Acting Surgeon General of the United States
- In office January 20, 2021 – March 24, 2021
- President: Joe Biden
- Preceded by: Jerome Adams (permanent) Erica Schwartz (acting)
- Succeeded by: Vivek Murthy

Personal details
- Education: Towson University (BS) Uniformed Services University of the Health Sciences (MS)

Military service
- Allegiance: United States
- Branch/service: United States Navy USPHS Commissioned Corps
- Rank: Rear Admiral

= Susan Orsega =

American rear admiral

Susan M. Orsega is an American nurse and retired rear admiral who currently serves as the deputy assistant secretary of Defense for Health Services Policy and Oversight within the Office of the Assistant Secretary of Defense for Health Affairs since November 2024.

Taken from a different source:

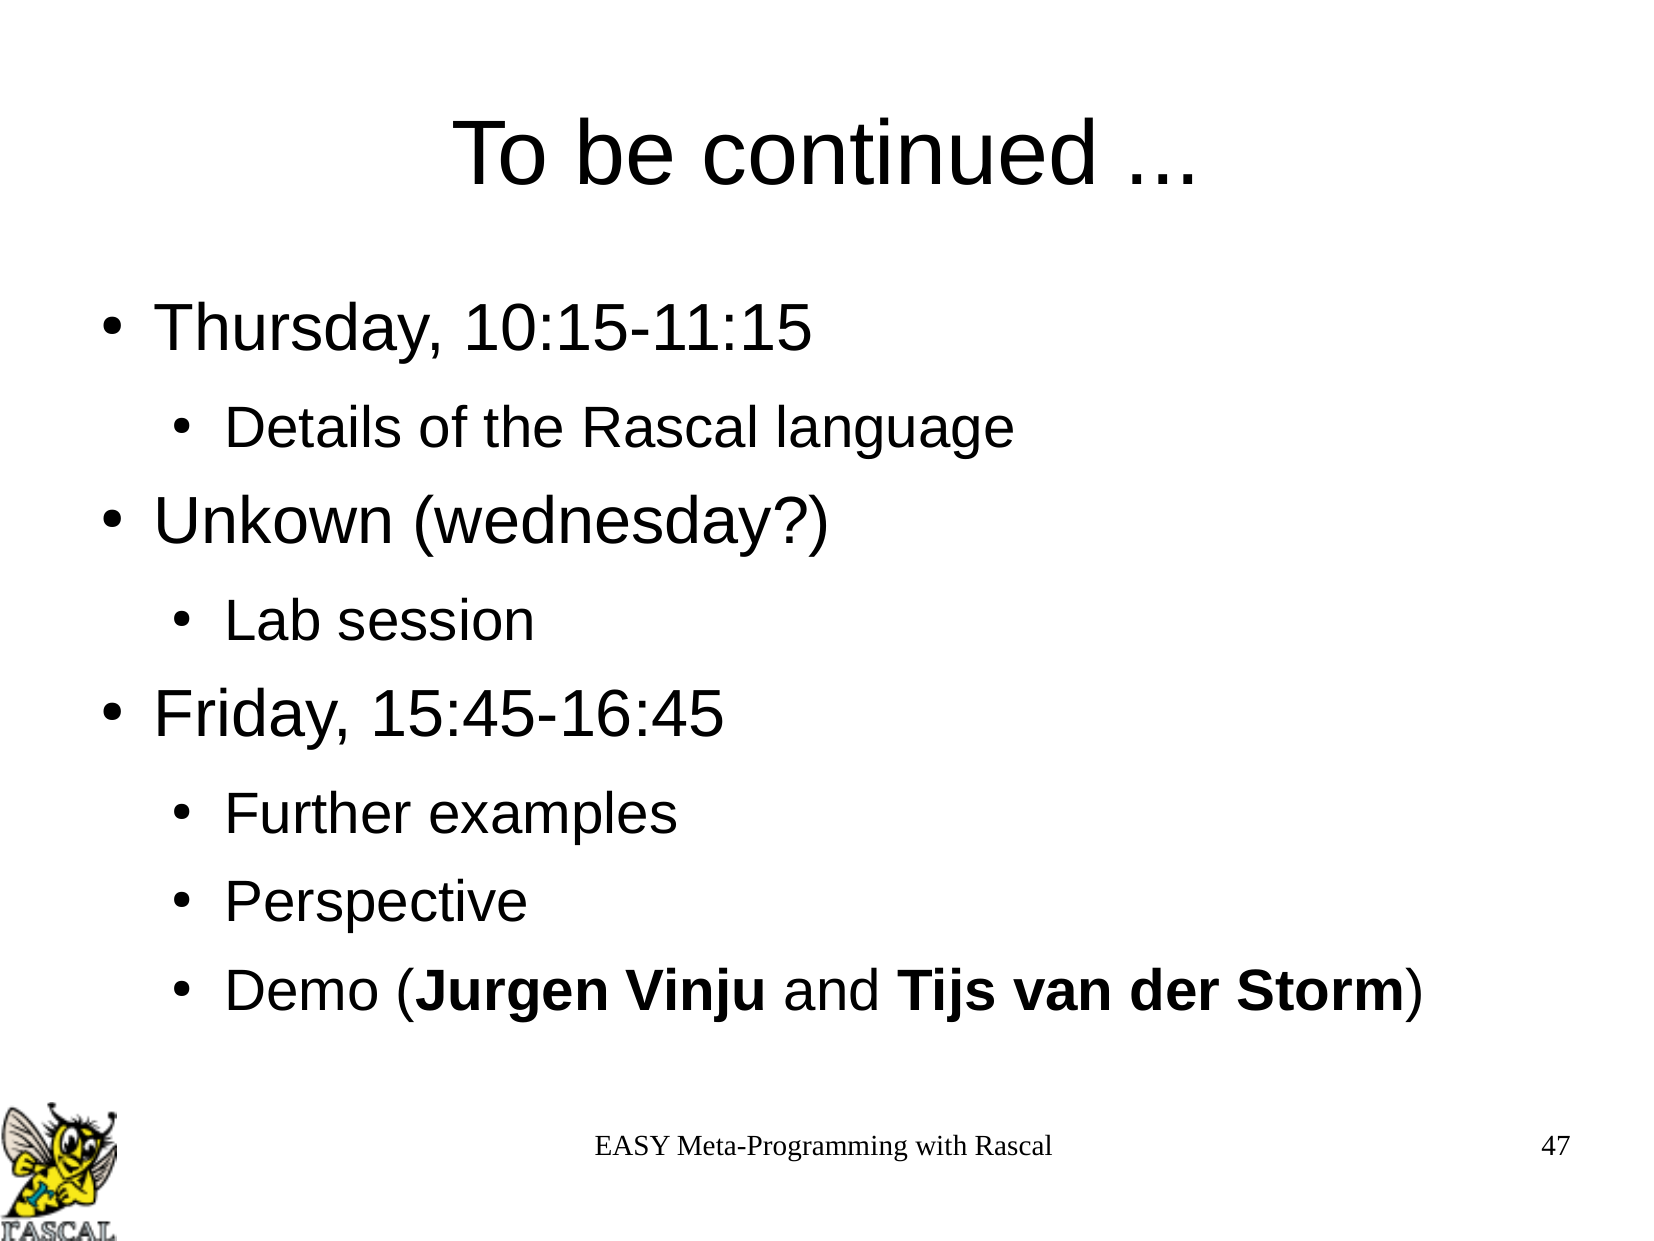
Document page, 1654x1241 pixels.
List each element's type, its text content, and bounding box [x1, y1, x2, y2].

title To be continued ... [82, 56, 1571, 250]
picture [0, 1102, 117, 1241]
list Thursday, 10:15-11:15 Details of the Rascal language Unkown (wednesday?) Lab session Friday, 15:45-16:45 Further examples Perspective Demo (Jurgen Vinju and Tijs van der Storm) [82, 290, 1571, 1109]

== Early life and education ==
Orsega was raised in Whitehall, Allegheny County, Pennsylvania, and graduated from Baldwin High School. She matriculated at Towson University, earning a Bachelor of Science in nursing before going on to enroll in the Uniformed Services University of the Health Sciences, where she would earn a master's degree in science.

== Career ==
In 1989, Orsega began her career at the National Institutes of Health studying as a nurse practitioner concerning the subject of HIV/AIDS. Before being selected by President Joe Biden to take the position as acting Surgeon General, she worked at the National Institute of Allergy and Infectious Diseases. She previously served as the senior advisor to the Assistant Secretary for Health from March 2021 to December 2023.

Orsega was the acting surgeon general from January 20 to March 4, 2021. Orsega is one of the first nurses to serve in the position. She also previously served as the director of Commissioned Corps Headquarters, tasked with the administration of the members of the U.S. Public Health Service Commissioned Corps (USPHS), from March 2019 to October 2021. Prior to becoming acting surgeon general, Orsega was the chief nurse officer of the USPHS from 2016 until 2019.